Но ныне автор исторических произведений обязан считаться с тем, что уже самый выбор народа и эпохи, к которым он относит своих героев и действие, приведет слишком поспешных читателей к ложному выводу. Если, например, в романе изображается американская революция, то одного этого факта уже достаточно для некоторых, чтобы заподозрить писателя в стремлении восславить современную Америку и ее руководителей.

Исторический роман подвергается и другим, менее неуклюжим, но не менее опасным ложным толкованиям. Многие читатели думают, что такой роман должен в приятной и увлекательной манере ознакомить их с историческими фактами, с авантюрными похождениями, показать человеческие качества знаменитых исторических личностей. Если же при этом книга льстит и патриотическим чувствам читателей, тогда они довольны до крайности и ничего большего не желают. Оказавшись в плену случайностей сюжета, они не стараются понять сущность произведения: люди и события заслоняют для них его смысл.

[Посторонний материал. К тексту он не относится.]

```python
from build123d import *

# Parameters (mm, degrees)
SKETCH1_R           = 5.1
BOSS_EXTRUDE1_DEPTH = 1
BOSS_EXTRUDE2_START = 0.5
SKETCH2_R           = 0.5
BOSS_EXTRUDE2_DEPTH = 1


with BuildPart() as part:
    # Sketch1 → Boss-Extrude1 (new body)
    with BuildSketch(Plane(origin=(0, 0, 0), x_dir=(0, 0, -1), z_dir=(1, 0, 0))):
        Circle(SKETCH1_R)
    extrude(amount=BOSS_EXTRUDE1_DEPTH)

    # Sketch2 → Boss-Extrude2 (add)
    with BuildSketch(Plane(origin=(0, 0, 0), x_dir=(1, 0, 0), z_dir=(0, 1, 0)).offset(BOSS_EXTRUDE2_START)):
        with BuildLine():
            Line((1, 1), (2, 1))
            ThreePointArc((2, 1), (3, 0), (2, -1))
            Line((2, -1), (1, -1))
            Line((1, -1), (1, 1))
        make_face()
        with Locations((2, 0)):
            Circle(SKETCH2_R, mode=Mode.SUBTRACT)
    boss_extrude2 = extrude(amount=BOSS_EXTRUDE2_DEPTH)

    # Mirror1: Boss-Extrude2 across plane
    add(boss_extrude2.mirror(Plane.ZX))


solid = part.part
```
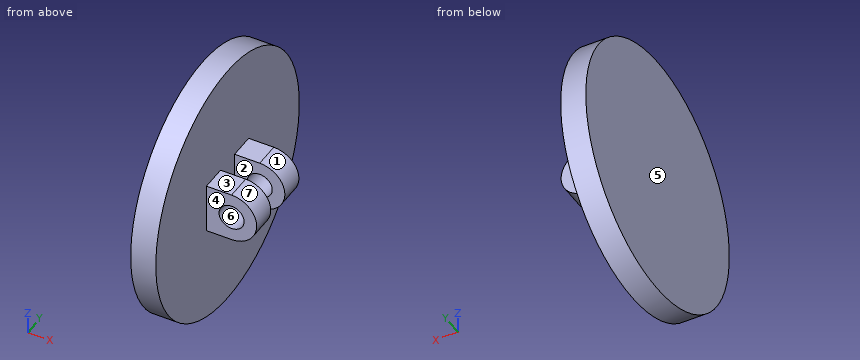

Однако писатель, который берется за серьезный исторический роман, руководствуется иными мотивами. Он знает, что силы, движущие народами, остаются неизменными, с тех пор как существует писаная история. Эти силы определяют современную историю так же, как определяли историю прошлого. Представить эти постоянные, неизменные законы в действии — вот, пожалуй, наивысшая цель, которой может достичь исторический роман. К ней и стремится писатель, который в наши дни работает над серьезным историческим романом. Он хочет изобразить современность. Он ищет в истории не пепел, а пламя. Он хочет заставить себя и читателя через прошлое яснее увидеть настоящее.

Десятки лет меня занимало одно примечательное явление. Столь разные люди, как Бомарше, Вениамин Франклин, Лафайет, Вольтер, Людовик Шестнадцатый, Мария-Антуанетта, — каждый в силу совершенно различных причин, — оказались вынужденными способствовать успеху американской революции и тем самым революции во Франции. Когда Америка Рузвельта вступила в войну против европейского фашизма и поддержала борьбу Советского Союза против Гитлера, для меня стали особенно ясны события восемнадцатого века во Франции, а они, в свою очередь, осветили для меня политические события моего времени. Воодушевленный этим, я отважился приняться за роман «Лисы в винограднике». Я стремился показать, что заставило так много разных людей и групп сознательно, бессознательно и даже против своей воли содействовать прогрессу.

Полагаю, что хотя бы частично я достиг своей цели. Множество читателей ознакомилось с этим романом в переводе, и если одни истолковали его ложно, то другие поняли правильно. Что же касается моих немецких читателей, — большинство из них, я убежден, поймет его правильно.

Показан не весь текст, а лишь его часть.